O cabelo vivo, além de ser uma clara referência à Medusa da mitologia grega, cujos cachos consistiam de pequenas cobras, explora de maneira animada o atributo físico não erótico mas sensual mais marcante da figura feminina: o cabelo. E se a figura mitológica convertia os humanos que olhassem para ela em pedra, a vilã mais perigosa das Meninas Superpoderosas deixou o Professor Utônio literalmente imóvel de tanto encantamento, e também figuradamente, pela passividade deste em relação às suas decisões.

O Porquê da Vilã

Dessa forma, esse episódio tão memorável da série fornece ao arquétipo de sombra frequente em madrastas mais uma representação, dentro de uma história infanto-juvenil de super-herói, muito marcante para a infância de quem cresceu com a série.

Pelo fato de as Meninas sequer possuírem uma mãe – já que foram concebidas de um experimento do Professor Utônio – os roteiristas encontraram um espaço pertinente para criação de uma história que desse às Meninas o papel social e narrativo equivalente ao dos heróis órfãos, e ao Professor o papel de homem solteiro, que dedicou a vida mais à ciência do que às relações interpessoais.

Infelizmente, muitos pais viúvos por aí sofrem desse estado preocupante de vulnerabilidade emocional que os tornam presas fáceis de criminosas sofisticadas, que valem-se não de máscaras, armas ou carros roubados, mas de sua simples habilidade de sedução e de aparente expressão de inocência, para destruir lares.

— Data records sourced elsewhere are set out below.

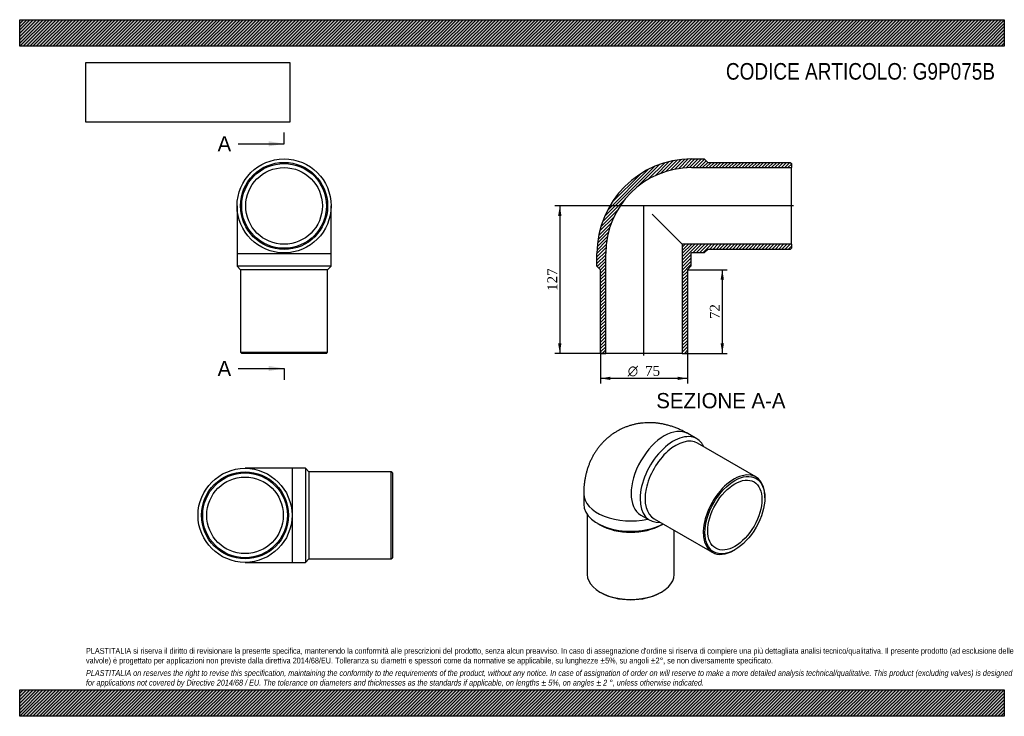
# Model space of a CAD drawing. Header units: millimetres. Extents: x 0 to 849, y 0 to 600.
import ezdxf
from ezdxf.enums import TextEntityAlignment as Align
from ezdxf.lldxf.tags import DXFTag

# ---------------------------------------------------------------- set-up
doc = ezdxf.new("R2010")
doc.units = ezdxf.units.MM
doc.header["$LTSCALE"] = 2.857143
for name, color, linetype in [('Default', 7, 'Continuous'), ('DV4_Default', 7, 'Continuous'), ('G9P075B', 7, 'Continuous')]:
    doc.layers.add(name, color=color, linetype=linetype)
doc.styles.add('SEACAD_Solid_Edge_ANSI', font='seans.ttf')
doc.styles.add('SEACAD_Solid_Edge_ANSI1_Symbols', font='semeca1.ttf')
doc.styles.add('SEACAD_Times_New_Roman', font='times.ttf')
tags = doc.linetypes.add('CENTER2', pattern=[28.575, 19.05, -3.175, 3.175, -3.175]).pattern_tags.tags
tags[10:11] = [DXFTag(74, 4), DXFTag(75, 0), DXFTag(340, '0'), DXFTag(46, 0.0), DXFTag(50, 0.0), DXFTag(44, 0.0), DXFTag(45, 0.0)]
tags[8:9] = [DXFTag(74, 4), DXFTag(75, 0), DXFTag(340, '0'), DXFTag(46, 0.0), DXFTag(50, 0.0), DXFTag(44, 0.0), DXFTag(45, 0.0)]
tags[6:7] = [DXFTag(74, 4), DXFTag(75, 0), DXFTag(340, '0'), DXFTag(46, 0.0), DXFTag(50, 0.0), DXFTag(44, 0.0), DXFTag(45, 0.0)]
tags[4:5] = [DXFTag(74, 4), DXFTag(75, 0), DXFTag(340, '0'), DXFTag(46, 0.0), DXFTag(50, 0.0), DXFTag(44, 0.0), DXFTag(45, 0.0)]
doc.dimstyles.new('ANSImm', dxfattribs={"dimtxt": 8.571429, "dimasz": 8.571429, "dimexe": 4.285714, "dimexo": 0, "dimgap": 2.142857, "dimtad": 1, "dimdsep": 46, "dimtxsty": 'SEACAD_Times_New_Roman', "dimblk1": '_SE_FILLED', "dimblk2": '_SE_FILLED', "dimsah": 1, "dimcen": 4.285714, "dimazin": 0, "dimtfac": 0.85, "dimtdec": 3, "dimtofl": 0, "dimtmove": 0, "dimatfit": 3, "dimfxl": 1, "dimarcsym": 0})
picture_1 = doc.add_image_def('image1.jpg', size_in_pixel=(4302, 1260))

# ---------------------------------------------------------------- blocks, each defined once
blk = doc.blocks.new('SE')
at = {"layer": 'G9P075B', "color": 7, "linetype": 'Continuous'}
for p, q in [((187.35, 439.61), (187.35, 398.61)), ((268.35, 398.61), (268.35, 439.61)), ((187.35, 398.61), (268.35, 398.61)), ((187.35, 398.61), (187.35, 387.61)), ((268.35, 387.61), (268.35, 398.61)), ((268.35, 387.61), (187.35, 387.61)), ((187.35, 387.61), (190.35, 384.61)), ((265.35, 384.61), (190.35, 384.61)), ((190.35, 384.61), (190.35, 313.61)), ((265.35, 384.61), (268.35, 387.61)), ((265.35, 313.61), (265.35, 384.61)), ((190.35, 313.61), (265.35, 313.61)), ((190.35, 313.61), (191.35, 312.61)), ((264.35, 312.61), (191.35, 312.61)), ((264.35, 312.61), (265.35, 313.61))]:
    blk.add_line(p, q, dxfattribs=at)
for radius in [40.5, 37.5, 36.5, 33]:
    blk.add_circle((227.85, 439.61), radius, dxfattribs=at)
blk = doc.blocks.new('SE1')
at = {"layer": 'G9P075B', "color": 7, "linetype": 'Continuous'}
for p, q in [((583.59, 239), (575.81, 243.49)), ((634.41, 206.19), (584.21, 235.17)), ((486.07, 191.68), (486.07, 182.69)), ((642.18, 188.21), (642.18, 189.02)), ((489.07, 173.86), (489.07, 122.27)), ((535.31, 173.34), (543.09, 168.85)), ((546.71, 170.22), (596.91, 141.24)), ((497.93, 166.16), (500.05, 164.93)), ((553.09, 164.93), (554.48, 165.74)), ((564.07, 122.27), (564.07, 160.2)), ((615.66, 143.09), (616.37, 143.5)), ((500.05, 106.96), (500.76, 106.56)), ((552.38, 106.56), (553.09, 106.96))]:
    blk.add_line(p, q, dxfattribs=at)
for centre, major_axis, start_param, end_param in [((555.56, 208.41), (-20.25, -35.07), 3.141593, 6.283185), ((563.34, 203.92), (20.25, 35.07), 0, 3.528909), ((565.46, 202.7), (18.75, 32.48), 0, 3.141593), ((563.34, 203.92), (20.25, 35.07), 5.895869, 6.283185), ((615.66, 173.71), (-18.75, -32.48), 2.356194, 6.283185), ((526.57, 191.68), (-40.5, 0), 6.283172, 6.283185), ((526.57, 191.68), (-40.5, 0), 0, 1.942639), ((526.57, 182.69), (40.5, 0), 3.141593, 5.472278), ((526.57, 180.24), (37.5, 0), 3.926991, 5.497787), ((615.66, 173.71), (-18.75, -32.48), 0, 0.785398), ((526.57, 122.27), (-37.5, 0), 0, 3.141593), ((526.57, 121.46), (36.5, 0), 3.926991, 5.497787)]:
    blk.add_ellipse(centre, major_axis=major_axis, ratio=0.57735, start_param=start_param, end_param=end_param, dxfattribs=at)
for major_axis in [(18.25, 31.61), (16.5, 28.58)]:
    blk.add_ellipse((616.37, 173.3), major_axis=major_axis, ratio=0.57735, dxfattribs=at)
blk.add_open_spline([(575.81, 243.49), (575.12, 243.88), (573.62, 244.73), (570.92, 246.11), (567.9, 247.49), (564.83, 248.73), (561.75, 249.81), (558.65, 250.72), (555.56, 251.47), (552.48, 252.07), (549.41, 252.5), (546.35, 252.77), (543.33, 252.89), (540.33, 252.85), (537.36, 252.65), (534.44, 252.31), (531.56, 251.82), (528.73, 251.18), (525.95, 250.41), (523.24, 249.49), (520.59, 248.44), (518.01, 247.25), (515.5, 245.94), (513.07, 244.5), (510.73, 242.94), (508.47, 241.27), (506.31, 239.48), (504.24, 237.59), (502.27, 235.59), (500.4, 233.49), (498.64, 231.3), (496.98, 229.01), (495.43, 226.64), (493.99, 224.18), (492.67, 221.64), (491.46, 219.02), (490.36, 216.32), (489.39, 213.54), (488.53, 210.69), (487.8, 207.78), (487.19, 204.79), (486.71, 201.73), (486.36, 198.61), (486.14, 195.49), (486.07, 193.09), (486.07, 191.91), (486.07, 191.68)], degree=3, knots=[0, 0, 0, 0, 0.016806, 0.043031, 0.069166, 0.095055, 0.120658, 0.145949, 0.170915, 0.195554, 0.219875, 0.243889, 0.267617, 0.291077, 0.314292, 0.337285, 0.360076, 0.382687, 0.405138, 0.427449, 0.449639, 0.471727, 0.493731, 0.515669, 0.537558, 0.559411, 0.581247, 0.603086, 0.624946, 0.646848, 0.668813, 0.690864, 0.713022, 0.735313, 0.757761, 0.780392, 0.803231, 0.826303, 0.849633, 0.873241, 0.897142, 0.921348, 0.94586, 0.970671, 0.995129, 1, 1, 1, 1], dxfattribs=at)
blk = doc.blocks.new('SE2')
at = {"layer": 'G9P075B', "color": 7, "linetype": 'Continuous'}
for p, q in [((235.2, 213.6), (194.2, 213.6)), ((235.2, 132.6), (235.2, 213.6)), ((246.2, 213.6), (235.2, 213.6)), ((246.2, 213.6), (246.2, 132.6)), ((249.2, 210.6), (246.2, 213.6)), ((249.2, 210.6), (249.2, 135.6)), ((320.2, 210.6), (249.2, 210.6)), ((320.2, 135.6), (320.2, 210.6)), ((321.2, 209.6), (320.2, 210.6)), ((321.2, 209.6), (321.2, 136.6)), ((320.2, 135.6), (321.2, 136.6)), ((194.2, 132.6), (235.2, 132.6)), ((235.2, 132.6), (246.2, 132.6)), ((246.2, 132.6), (249.2, 135.6)), ((249.2, 135.6), (320.2, 135.6))]:
    blk.add_line(p, q, dxfattribs=at)
for radius in [40.5, 37.5, 36.5, 33]:
    blk.add_circle((194.2, 173.1), radius, dxfattribs=at)
blk = doc.blocks.new('SE4')
at = {"color": 7, "linetype": 'Continuous', "style": 'SEACAD_Solid_Edge_ANSI'}
blk.add_text('A', height=13.14, dxfattribs=at).set_placement((170.54, 499.68), align=Align.TOP_LEFT)
blk = doc.blocks.new('SE5')
at = {"color": 7, "linetype": 'Continuous', "style": 'SEACAD_Solid_Edge_ANSI'}
blk.add_text('A', height=13.14, dxfattribs=at).set_placement((170.54, 306.17), align=Align.TOP_LEFT)
blk = doc.blocks.new('SEANNOT_GROUP')
at = {"linetype": 'Continuous'}
blk.add_hatch(color=7, dxfattribs=at).paths.add_polyline_path([(214.71, 490.91), (227.85, 493.11), (214.71, 495.3)])
at = {"color": 7, "linetype": 'Continuous'}
blk.add_lwpolyline([(188.42, 493.11), (227.85, 493.11)], dxfattribs=at)
blk = doc.blocks.new('SEANNOT_GROUP1')
at = {"linetype": 'Continuous'}
blk.add_hatch(color=7, dxfattribs=at).paths.add_polyline_path([(214.71, 297.4), (227.85, 299.59), (214.71, 301.79)])
at = {"color": 7, "linetype": 'Continuous'}
blk.add_lwpolyline([(188.42, 299.59), (227.85, 299.59)], dxfattribs=at)
blk = doc.blocks.new('SE3')
at = {"layer": 'Default', "color": 7, "linetype": 'CENTER2'}
for p, q in [((227.85, 493.11), (227.85, 502.96)), ((227.85, 299.59), (227.85, 289.74))]:
    blk.add_line(p, q, dxfattribs=at)
at = {"layer": 'Default', "color": 7, "linetype": 'CENTER2', "const_width": 0.0001}
blk.add_lwpolyline([(227.85, 493.11), (227.85, 299.59)], dxfattribs=at)
at = {"layer": 'Default'}
for name in ['SE4', 'SEANNOT_GROUP', 'SE5', 'SEANNOT_GROUP1']:
    blk.add_blockref(name, (0, 0), dxfattribs=at)
blk = doc.blocks.new('SE6')
at = {"layer": 'G9P075B', "linetype": 'Continuous'}
h = blk.add_hatch(dxfattribs=at)
h.set_pattern_fill('LINE', scale=0.62992, angle=45, style=0)
edge = h.paths.add_edge_path()
edge.add_line((664.04, 477.11), (593.04, 477.11))
edge.add_line((593.04, 477.11), (590.04, 480.11))
edge.add_line((590.04, 480.11), (579.04, 480.11))
edge.add_arc((579.04, 398.61), 81.5, 90, 180)
edge.add_line((497.54, 398.61), (497.54, 387.61))
edge.add_line((497.54, 387.61), (500.54, 384.61))
edge.add_line((500.54, 384.61), (500.54, 313.61))
edge.add_line((500.54, 313.61), (501.54, 312.61))
edge.add_line((501.54, 312.61), (505.04, 312.61))
edge.add_line((505.04, 312.61), (505.04, 398.61))
edge.add_arc((579.04, 398.61), 74, 90, 180, ccw=False)
edge.add_line((579.04, 472.61), (665.04, 472.61))
edge.add_line((665.04, 472.61), (665.04, 476.11))
edge.add_line((665.04, 476.11), (664.04, 477.11))
h = blk.add_hatch(dxfattribs=at)
h.set_pattern_fill('LINE', scale=0.62992, angle=45, style=0)
edge = h.paths.add_edge_path()
edge.add_line((665.04, 403.11), (665.04, 406.61))
edge.add_line((665.04, 406.61), (571.04, 406.61))
edge.add_line((571.04, 406.61), (571.04, 312.61))
edge.add_line((571.04, 312.61), (574.54, 312.61))
edge.add_line((574.54, 312.61), (575.54, 313.61))
edge.add_line((575.54, 313.61), (575.54, 384.61))
edge.add_line((575.54, 384.61), (578.54, 387.61))
edge.add_line((578.54, 387.61), (578.54, 398.61))
edge.add_arc((579.04, 398.61), 0.5, 90, 180, ccw=False)
edge.add_line((579.04, 399.11), (590.04, 399.11))
edge.add_line((590.04, 399.11), (593.04, 402.11))
edge.add_line((593.04, 402.11), (664.04, 402.11))
edge.add_line((664.04, 402.11), (665.04, 403.11))
at = {"layer": 'DV4_Default', "color": 7, "linetype": 'CENTER2'}
for p, q in [((666.79, 439.61), (537.81, 439.61)), ((538.04, 310.86), (538.04, 439.88))]:
    blk.add_line(p, q, dxfattribs=at)
at = {"layer": 'G9P075B', "color": 7, "linetype": 'Continuous'}
for p, q in [((579.04, 480.11), (590.04, 480.11)), ((590.04, 480.11), (593.04, 477.11)), ((593.04, 477.11), (664.04, 477.11)), ((664.04, 477.11), (665.04, 476.11)), ((665.04, 476.11), (665.04, 472.61)), ((579.04, 472.61), (665.04, 472.61)), ((665.04, 406.61), (665.04, 472.61)), ((545.07, 432.57), (571.04, 406.61)), ((665.04, 406.61), (571.04, 406.61)), ((571.04, 406.61), (571.04, 312.61)), ((590.04, 399.11), (579.04, 399.11)), ((593.04, 402.11), (590.04, 399.11)), ((664.04, 402.11), (593.04, 402.11)), ((665.04, 403.11), (664.04, 402.11)), ((665.04, 406.61), (665.04, 403.11)), ((497.54, 387.61), (497.54, 398.61)), ((505.04, 312.61), (505.04, 398.61)), ((578.54, 398.61), (578.54, 387.61)), ((500.54, 384.61), (497.54, 387.61)), ((500.54, 313.61), (500.54, 384.61)), ((578.54, 387.61), (575.54, 384.61)), ((575.54, 384.61), (575.54, 313.61)), ((501.54, 312.61), (500.54, 313.61)), ((501.54, 312.61), (505.04, 312.61)), ((571.04, 312.61), (505.04, 312.61)), ((571.04, 312.61), (574.54, 312.61)), ((575.54, 313.61), (574.54, 312.61))]:
    blk.add_line(p, q, dxfattribs=at)
for radius in [81.5, 74, 0.5]:
    blk.add_arc((579.04, 398.61), radius, 90, 180, dxfattribs=at)
blk = doc.blocks.new('GDimGGroup')
at = {"layer": 'Default', "linetype": 'Continuous'}
for points in [[(509.11, 289.65), (509.11, 292.5), (500.54, 291.07)], [(566.96, 289.65), (575.54, 291.07), (566.96, 292.5)]]:
    blk.add_hatch(color=7, dxfattribs=at).paths.add_polyline_path(points)
at = {"layer": 'Default', "color": 7, "linetype": 'Continuous'}
for p, q in [((500.54, 313.61), (500.54, 286.79)), ((575.54, 313.61), (575.54, 286.79)), ((575.54, 291.07), (500.54, 291.07))]:
    blk.add_line(p, q, dxfattribs=at)
for s, height, style, p in [('O', 8.57, 'SEACAD_Solid_Edge_ANSI1_Symbols', (524.08, 301.79)), ('75', 8.571, 'SEACAD_Times_New_Roman', (539, 301.79))]:
    blk.add_text(s, height=height, dxfattribs=dict(at, style=style)).set_placement(p, align=Align.TOP_LEFT)
blk = doc.blocks.new('DMBLK239')
at = {"layer": 'Default', "linetype": 'Continuous'}
for points in [[(464.05, 431.03), (466.91, 431.03), (465.48, 439.61)], [(464.05, 321.18), (465.48, 312.61), (466.91, 321.18)]]:
    blk.add_hatch(color=7, dxfattribs=at).paths.add_polyline_path(points)
at = {"layer": 'Default', "color": 7, "linetype": 'Continuous'}
for p, q in [((538.04, 439.61), (461.19, 439.61)), ((465.48, 439.61), (465.48, 312.61)), ((505.04, 312.61), (461.19, 312.61))]:
    blk.add_line(p, q, dxfattribs=at)
at = {"layer": 'Default', "color": 7, "linetype": 'Continuous', "style": 'SEACAD_Times_New_Roman'}
blk.add_text('127', height=8.571, rotation=90, dxfattribs=at).set_placement((454.76, 366.36), align=Align.TOP_LEFT)
blk = doc.blocks.new('_SE_FILLED')
at = {"color": 0}
blk.add_line((0, 0), (-1, 0), dxfattribs=at)
blk.add_solid([(0, 0), (-1, -0.1665), (-1, 0.1665), (0, 0)], dxfattribs=at)
blk = doc.blocks.new('DMBLK240')
at = {"layer": 'Default', "linetype": 'Continuous'}
for points in [[(606.94, 376.03), (605.51, 384.61), (604.08, 376.03)], [(606.94, 321.18), (604.08, 321.18), (605.51, 312.61)]]:
    blk.add_hatch(color=7, dxfattribs=at).paths.add_polyline_path(points)
at = {"layer": 'Default', "color": 7, "linetype": 'Continuous'}
for p, q in [((575.54, 384.61), (609.8, 384.61)), ((605.51, 384.61), (605.51, 312.61)), ((571.04, 312.61), (609.8, 312.61))]:
    blk.add_line(p, q, dxfattribs=at)
at = {"layer": 'Default', "color": 7, "linetype": 'Continuous', "style": 'SEACAD_Times_New_Roman'}
blk.add_text('72', height=8.571, rotation=90, dxfattribs=at).set_placement((594.8, 342.11), align=Align.TOP_LEFT)

msp = doc.modelspace()

# ---------------------------------------------------------------- hatches: boundary and pattern name
at = {"layer": 'Default', "linetype": 'Continuous'}
h = msp.add_hatch(dxfattribs=at)
h.set_pattern_fill('LINE', scale=0.629921, angle=45, style=0)
h.paths.add_polyline_path([(848.571, 577.143), (848.571, 600), (0, 600), (0, 577.143)])
for points in [[(848.571, 577.143), (848.571, 600), (0, 600), (0, 577.143)], [(848.571, 0), (848.571, 22.857), (0, 22.857), (0, 0)]]:
    msp.add_hatch(color=7, dxfattribs=at).paths.add_polyline_path(points)
h = msp.add_hatch(dxfattribs=at)
h.set_pattern_fill('LINE', scale=0.62992, angle=45, style=0)
h.paths.add_polyline_path([(848.571, 0), (848.571, 22.857), (0, 22.857), (0, 0)])

# ---------------------------------------------------------------- linework, layer by layer
at = {"layer": 'Default', "color": 7, "linetype": 'Continuous'}
for p, q in [((0, 600), (848.571, 600)), ((0, 577.143), (0, 600)), ((848.571, 600), (848.571, 577.143)), ((848.571, 577.143), (0, 577.143)), ((0, 22.857), (848.571, 22.857)), ((0, 0), (0, 22.857)), ((848.571, 22.857), (848.571, 0)), ((848.571, 0), (0, 0))]:
    msp.add_line(p, q, dxfattribs=at)

# ---------------------------------------------------------------- block references
at = {"layer": 'Default'}
for name in ['SE3', 'SE', 'SE6', 'GDimGGroup', 'SE1', 'SE2']:
    msp.add_blockref(name, (0, 0), dxfattribs=at)

# ---------------------------------------------------------------- texts
at = {"layer": 'Default', "color": 7, "linetype": 'Continuous', "style": 'SEACAD_Solid_Edge_ANSI'}
msp.add_text('SEZIONE A-A', height=13.14286, dxfattribs=at).set_placement((548.648, 278.439), align=Align.TOP_LEFT)
at = {"layer": 'Default', "attachment_point": 1}
for s, insert, char_height, width in [('{\\fArial Narrow|b0||i0||c0|p34;\\C7;\\H14.28571429;\\W1.;CODICE ARTICOLO: G9P075B}', (608.644, 562.655), 14.28571, 237.17888), ("{\\fArial Narrow|b0||i0||c0|p34;\\C7;\\H5.;\\W1.;PLASTITALIA si riserva il diritto di revisionare la presente specifica, mantenendo la conformità alle prescrizioni del prodotto, senza alcun preavviso. In caso di assegnazione d'ordine si riserva di compiere una più dettagliata analisi tecnico/qualitativa. Il presente prodotto (ad esclusione delle \\P}{\\fArial Narrow|b0||i0||c0|p34;\\C7;\\H5.;\\W1.;valvole) è progettato per applicazioni non previste dalla direttiva 2014/68/EU. Tolleranza su diametri e spessori come da normative se applicabile, su lunghezze ±5%, su angoli ±2°, se non diversamente specificato.\\P}{\\fArial Narrow|b0||i0||c0|p34;\\C7;\\H1.428571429;\\W1.;   \\P}{\\fArial Narrow|b0||i1||c0|p34;\\C7;\\H5.;\\W1.;PLASTITALIA on reserves the right to revise this specification, maintaining the conformity to the requirements of the product, without any notice. In case of assignation of order on will reserve to make a more detailed analysis technical/qualitative. This product (excluding valves) is designed \\P}{\\fArial Narrow|b0||i1||c0|p34;\\C7;\\H5.;\\W1.;for applications not covered by Directive 2014/68 / EU. The tolerance on diameters and thicknesses as the standards if applicable, on lengths ± 5%, on angles ± 2 °, unless otherwise indicated.\\P}", (57.143, 58.864), 5, 734.28571)]:
    msp.add_mtext(s, dxfattribs=dict(at, insert=insert, char_height=char_height, width=width))

# ---------------------------------------------------------------- dimensions: what is measured, and where the dimension line sits
at = {"layer": 'Default', "color": 7, "linetype": 'Continuous'}
for base, p1, p2, picture, middle in [((452.524, 326.25), (538.036, 439.605), (505.036, 312.605), 'DMBLK239', (465.478, 376.105)), ((605.51, 312.605), (575.536, 384.605), (571.036, 312.605), 'DMBLK240', (605.51, 348.605))]:
    dim = msp.add_linear_dim(base=base, p1=p1, p2=p2, angle=90, text='\\A1;<>', dimstyle='ANSImm', dxfattribs=at)
    dim.commit()
    dim.dimension.update_dxf_attribs({"geometry": picture, "text_midpoint": middle, "dimtype": 160})

# ---------------------------------------------------------------- pictures from other files: only their frames are drawn
image = msp.add_image(picture_1, insert=(57.143, 511.723), size_in_units=(175.592, 51.429))
image.dxf.flags = 7

doc.saveas('drawing.dxf')

Essa alegoria, explorada de uma maneira genialmente leve, para uma produção infanto-juvenil, encontraria grande espaço para ser trabalhada de maneira mais adulta e visceral em um possível filme de suspense, terror e/ou fantasia que explorasse de maneira analogamente exagerada a figura da madrasta má, assim como o filme “Corra!” trabalhou a questão do racismo, por exemplo.

Essa é apenas uma dentre muitas leves sátiras sociais que esta incrível série apresentou, com a qual cativou nossas sensações na infância e pode açucarar nossa percepção enquanto adultos…

E nesse caso, um açúcar acompanhado de tempero e tudo o que há de bom… ah, além de uma alta dose do Elemento X, é claro…

OBS: O episódio pode ser encontrado no YouTube, nas versões original e dublada.